Data extracted from a collection:
● ● ● ● ●

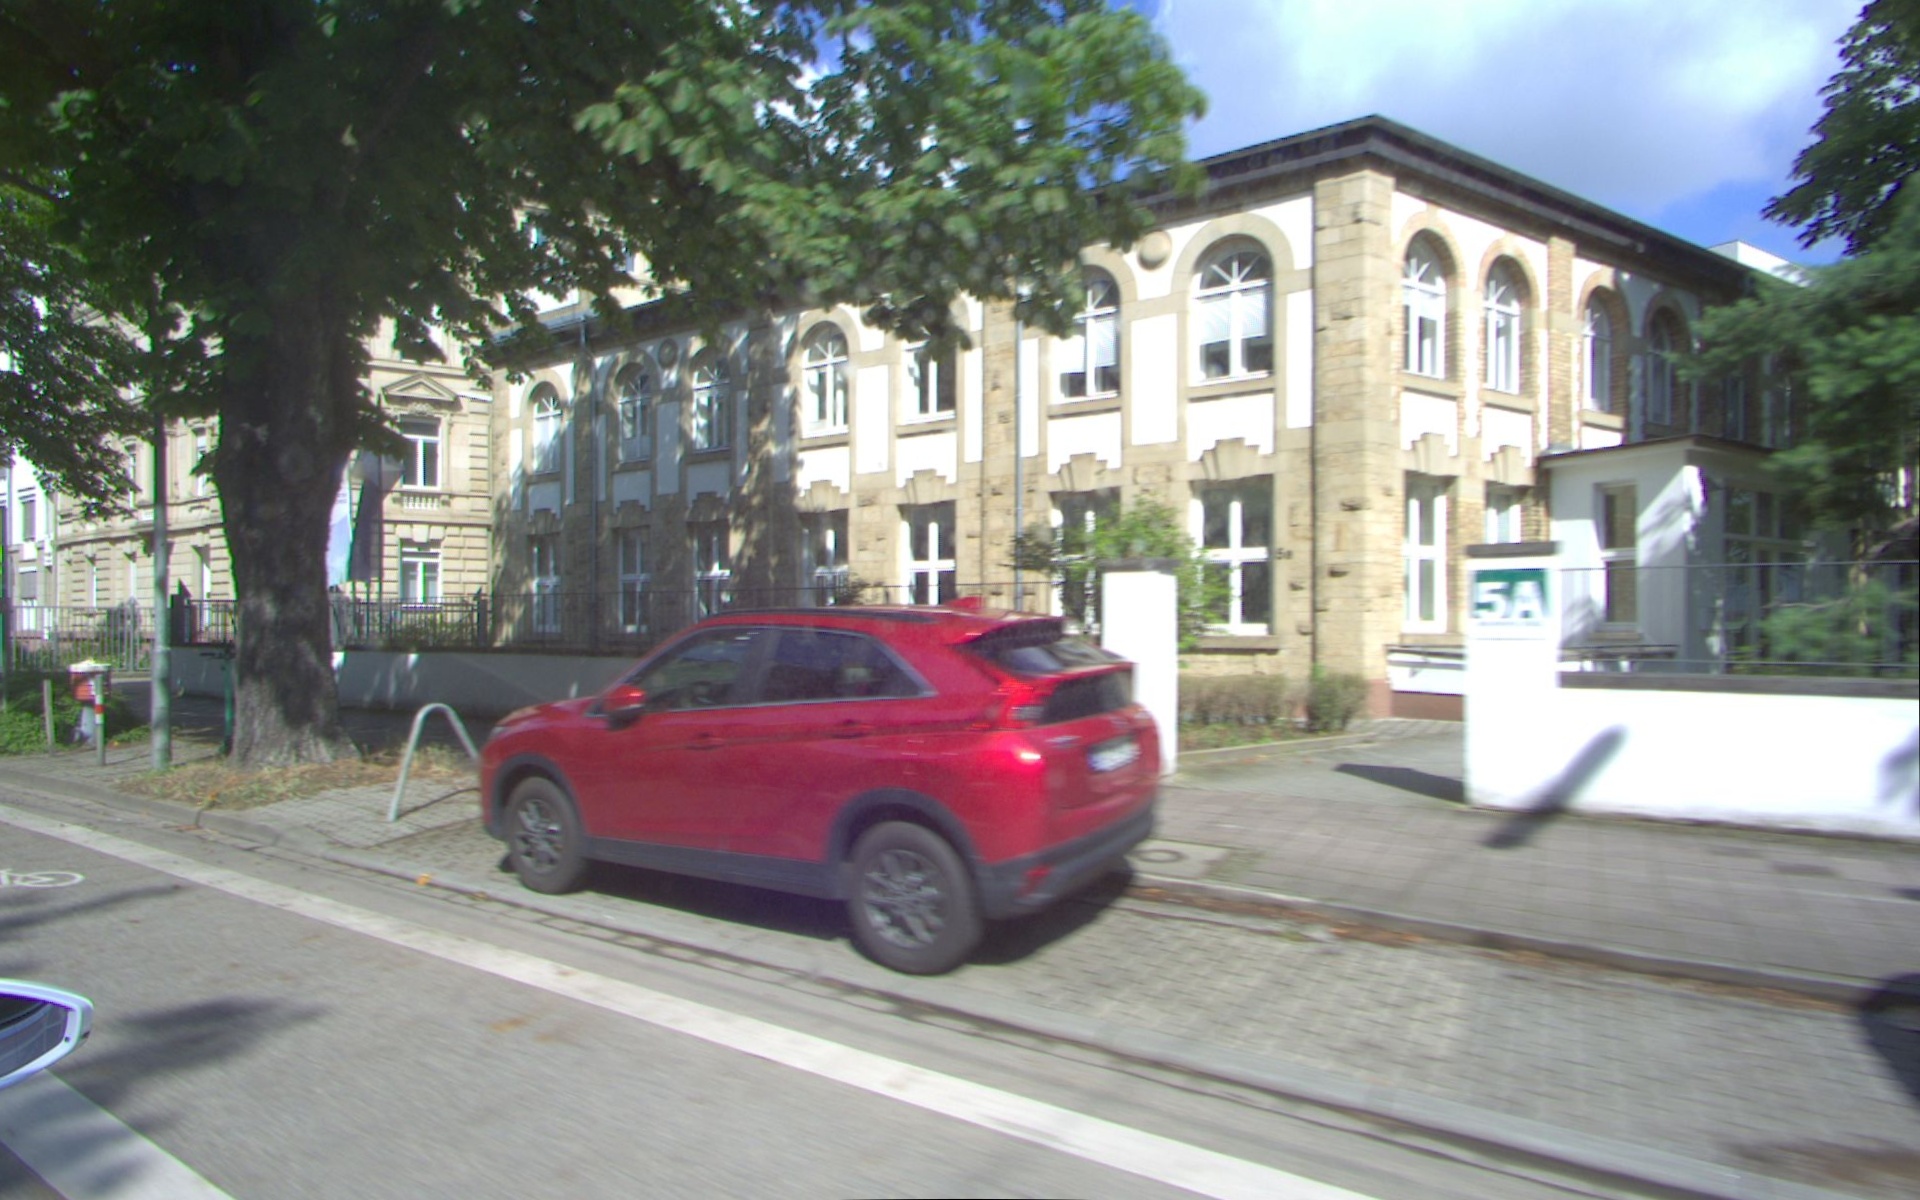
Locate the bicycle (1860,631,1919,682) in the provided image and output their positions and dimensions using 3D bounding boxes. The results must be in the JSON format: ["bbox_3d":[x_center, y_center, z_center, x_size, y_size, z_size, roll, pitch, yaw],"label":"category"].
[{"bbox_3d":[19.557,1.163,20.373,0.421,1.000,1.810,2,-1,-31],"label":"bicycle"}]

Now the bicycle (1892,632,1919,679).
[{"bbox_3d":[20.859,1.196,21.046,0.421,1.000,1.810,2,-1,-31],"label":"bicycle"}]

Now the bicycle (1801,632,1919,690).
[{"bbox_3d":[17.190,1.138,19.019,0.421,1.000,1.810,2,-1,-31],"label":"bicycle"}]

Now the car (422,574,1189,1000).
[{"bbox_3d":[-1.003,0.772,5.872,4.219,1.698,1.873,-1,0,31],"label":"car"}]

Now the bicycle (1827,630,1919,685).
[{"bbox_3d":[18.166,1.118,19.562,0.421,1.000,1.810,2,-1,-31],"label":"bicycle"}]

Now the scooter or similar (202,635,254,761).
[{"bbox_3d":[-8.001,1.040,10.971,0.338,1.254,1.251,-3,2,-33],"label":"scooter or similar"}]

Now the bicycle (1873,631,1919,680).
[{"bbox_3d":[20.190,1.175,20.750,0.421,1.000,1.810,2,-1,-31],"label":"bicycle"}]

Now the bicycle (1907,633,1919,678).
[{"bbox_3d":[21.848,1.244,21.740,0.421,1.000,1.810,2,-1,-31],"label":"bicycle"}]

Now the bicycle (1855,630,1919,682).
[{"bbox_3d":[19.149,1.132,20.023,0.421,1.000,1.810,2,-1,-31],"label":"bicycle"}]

● ● ● ● ●

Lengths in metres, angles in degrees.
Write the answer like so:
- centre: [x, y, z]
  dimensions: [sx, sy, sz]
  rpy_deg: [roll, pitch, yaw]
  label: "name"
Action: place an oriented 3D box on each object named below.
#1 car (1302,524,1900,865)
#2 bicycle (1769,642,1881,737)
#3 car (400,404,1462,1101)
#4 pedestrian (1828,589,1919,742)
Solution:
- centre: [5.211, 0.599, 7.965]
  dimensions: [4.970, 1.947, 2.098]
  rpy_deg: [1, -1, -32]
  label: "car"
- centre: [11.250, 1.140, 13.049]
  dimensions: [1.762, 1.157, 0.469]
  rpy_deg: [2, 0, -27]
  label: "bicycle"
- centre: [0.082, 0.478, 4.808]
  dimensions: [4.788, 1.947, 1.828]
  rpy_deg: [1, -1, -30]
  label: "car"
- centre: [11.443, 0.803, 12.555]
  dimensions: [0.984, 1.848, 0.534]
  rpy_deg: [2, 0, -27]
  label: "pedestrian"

● ● ● ● ●

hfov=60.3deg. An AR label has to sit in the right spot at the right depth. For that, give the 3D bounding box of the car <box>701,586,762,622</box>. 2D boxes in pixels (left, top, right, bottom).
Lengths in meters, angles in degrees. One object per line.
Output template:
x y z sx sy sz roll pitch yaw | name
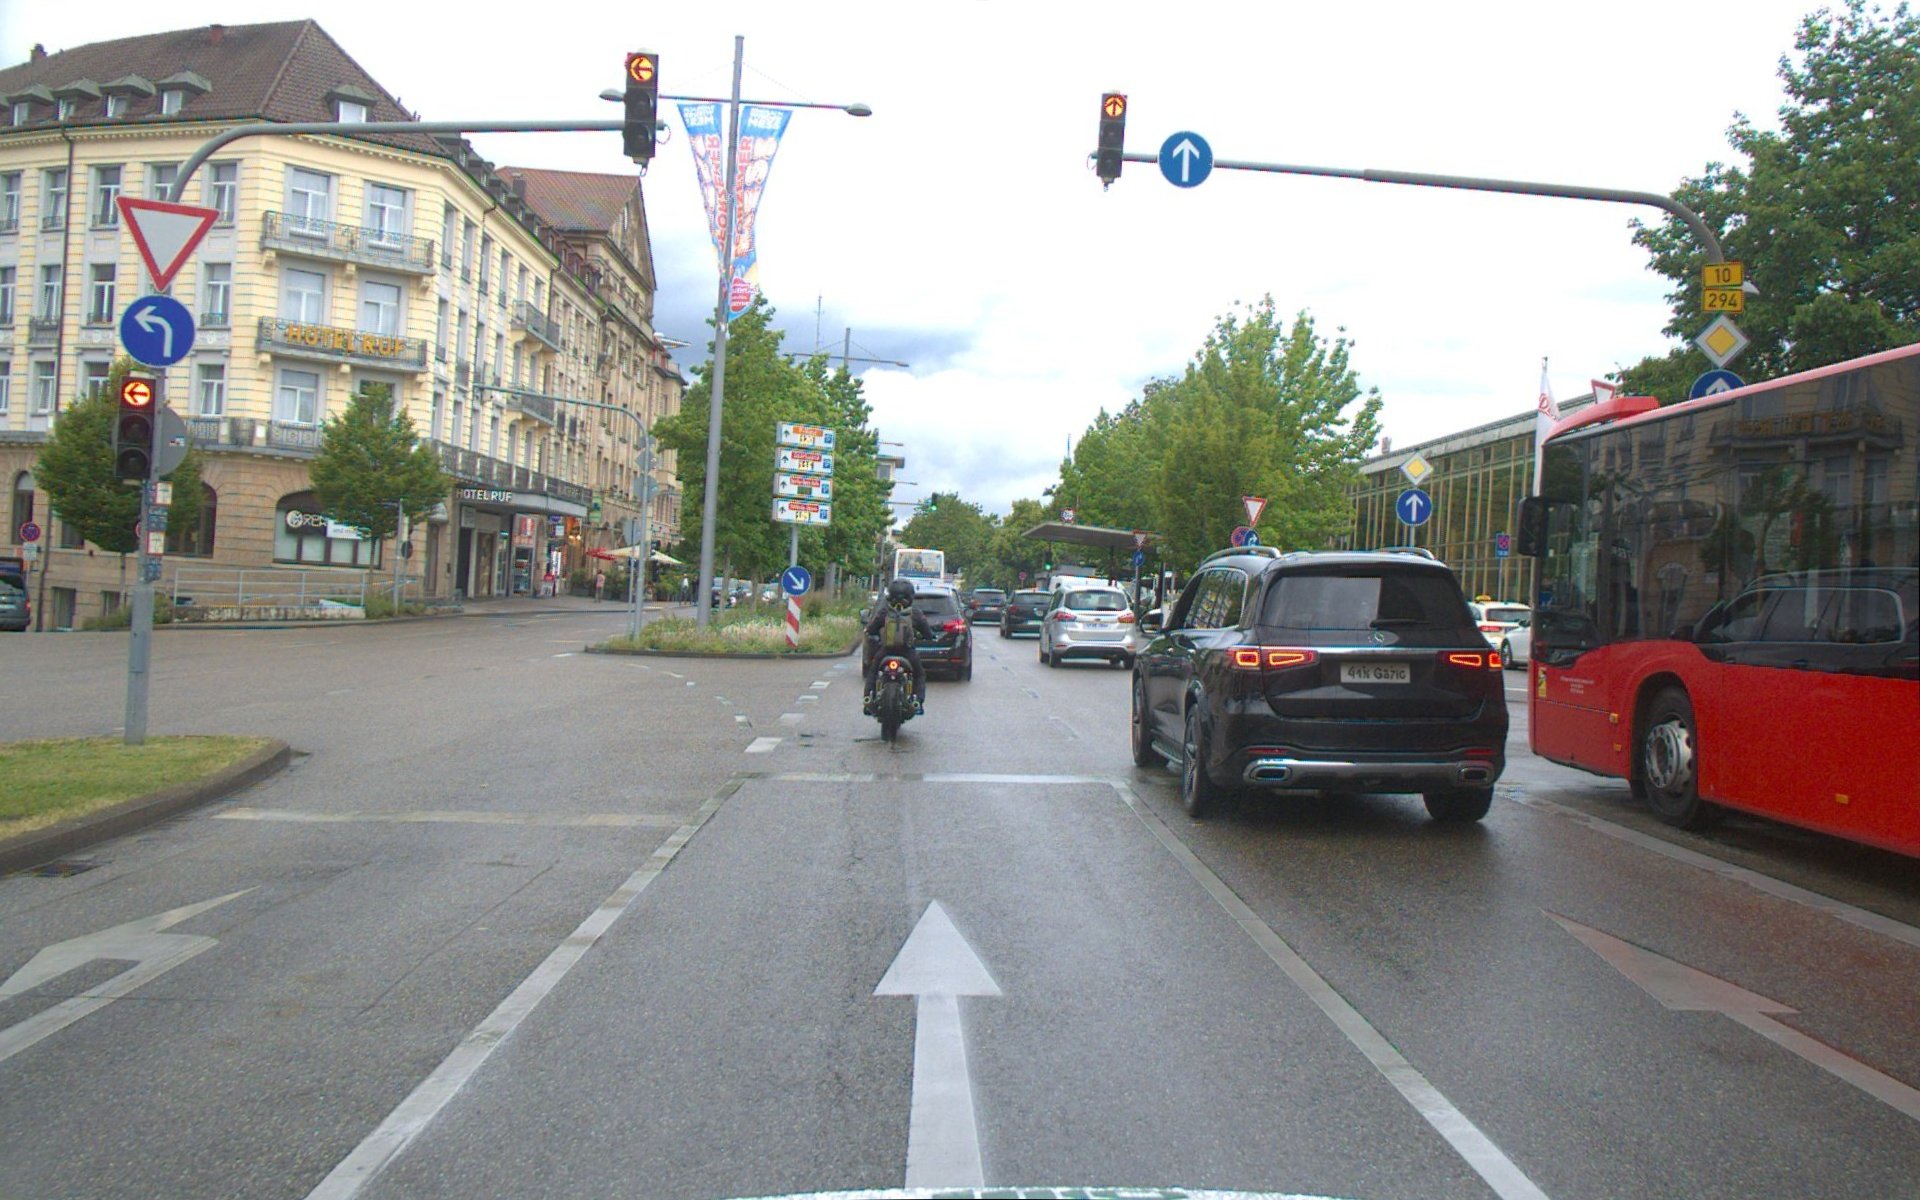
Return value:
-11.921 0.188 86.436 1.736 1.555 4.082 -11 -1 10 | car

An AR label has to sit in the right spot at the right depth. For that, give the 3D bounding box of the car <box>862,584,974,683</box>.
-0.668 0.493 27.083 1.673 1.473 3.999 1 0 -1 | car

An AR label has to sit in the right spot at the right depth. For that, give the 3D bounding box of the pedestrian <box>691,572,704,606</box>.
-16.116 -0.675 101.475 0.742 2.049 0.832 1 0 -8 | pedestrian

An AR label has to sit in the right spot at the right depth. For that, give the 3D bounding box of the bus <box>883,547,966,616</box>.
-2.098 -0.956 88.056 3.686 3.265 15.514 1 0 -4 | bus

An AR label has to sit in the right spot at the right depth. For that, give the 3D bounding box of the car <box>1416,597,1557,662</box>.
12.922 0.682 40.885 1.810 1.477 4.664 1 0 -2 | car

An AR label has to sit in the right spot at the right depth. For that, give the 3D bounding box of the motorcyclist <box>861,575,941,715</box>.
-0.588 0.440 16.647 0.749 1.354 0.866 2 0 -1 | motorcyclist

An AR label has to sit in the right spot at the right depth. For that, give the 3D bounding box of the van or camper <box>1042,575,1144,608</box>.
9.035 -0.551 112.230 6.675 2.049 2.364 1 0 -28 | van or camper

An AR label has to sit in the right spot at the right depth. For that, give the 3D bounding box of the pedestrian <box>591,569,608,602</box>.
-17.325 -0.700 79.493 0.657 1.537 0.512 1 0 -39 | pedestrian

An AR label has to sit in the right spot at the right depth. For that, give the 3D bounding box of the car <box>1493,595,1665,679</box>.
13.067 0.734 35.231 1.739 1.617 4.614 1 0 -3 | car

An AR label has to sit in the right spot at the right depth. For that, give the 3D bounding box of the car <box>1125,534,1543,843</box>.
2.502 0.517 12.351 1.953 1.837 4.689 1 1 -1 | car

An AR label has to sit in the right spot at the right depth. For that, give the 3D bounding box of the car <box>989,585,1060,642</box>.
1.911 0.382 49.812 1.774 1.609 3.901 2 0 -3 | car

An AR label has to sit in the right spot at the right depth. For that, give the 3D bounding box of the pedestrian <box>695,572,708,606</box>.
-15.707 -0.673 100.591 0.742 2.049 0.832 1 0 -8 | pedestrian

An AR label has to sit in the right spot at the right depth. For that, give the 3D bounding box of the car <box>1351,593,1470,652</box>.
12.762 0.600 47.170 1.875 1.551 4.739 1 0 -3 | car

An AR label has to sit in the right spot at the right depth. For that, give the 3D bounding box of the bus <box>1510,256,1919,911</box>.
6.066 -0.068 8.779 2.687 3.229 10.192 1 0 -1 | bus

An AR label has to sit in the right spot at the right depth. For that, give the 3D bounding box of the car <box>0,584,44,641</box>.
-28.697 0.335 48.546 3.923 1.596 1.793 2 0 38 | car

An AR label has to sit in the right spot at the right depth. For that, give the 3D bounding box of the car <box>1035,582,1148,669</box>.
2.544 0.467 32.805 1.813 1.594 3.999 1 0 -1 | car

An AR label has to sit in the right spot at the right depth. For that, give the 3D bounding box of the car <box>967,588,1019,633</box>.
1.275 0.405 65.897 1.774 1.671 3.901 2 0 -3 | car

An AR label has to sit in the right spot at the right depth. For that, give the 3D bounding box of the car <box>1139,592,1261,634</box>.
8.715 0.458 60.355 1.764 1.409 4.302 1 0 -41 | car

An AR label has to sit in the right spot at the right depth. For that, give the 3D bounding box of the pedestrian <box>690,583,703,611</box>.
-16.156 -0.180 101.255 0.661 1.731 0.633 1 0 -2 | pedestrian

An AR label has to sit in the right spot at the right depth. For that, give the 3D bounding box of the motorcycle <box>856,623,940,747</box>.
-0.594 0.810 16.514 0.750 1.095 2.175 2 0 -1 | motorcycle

● ● ● ● ●

▸ **Activity**
Filter the records for the string "angles" and copy every line that holds it.

▸ **Solution to the problem**
Lengths in metres, angles in degrees.
Lengths in meters, angles in degrees. One object per line.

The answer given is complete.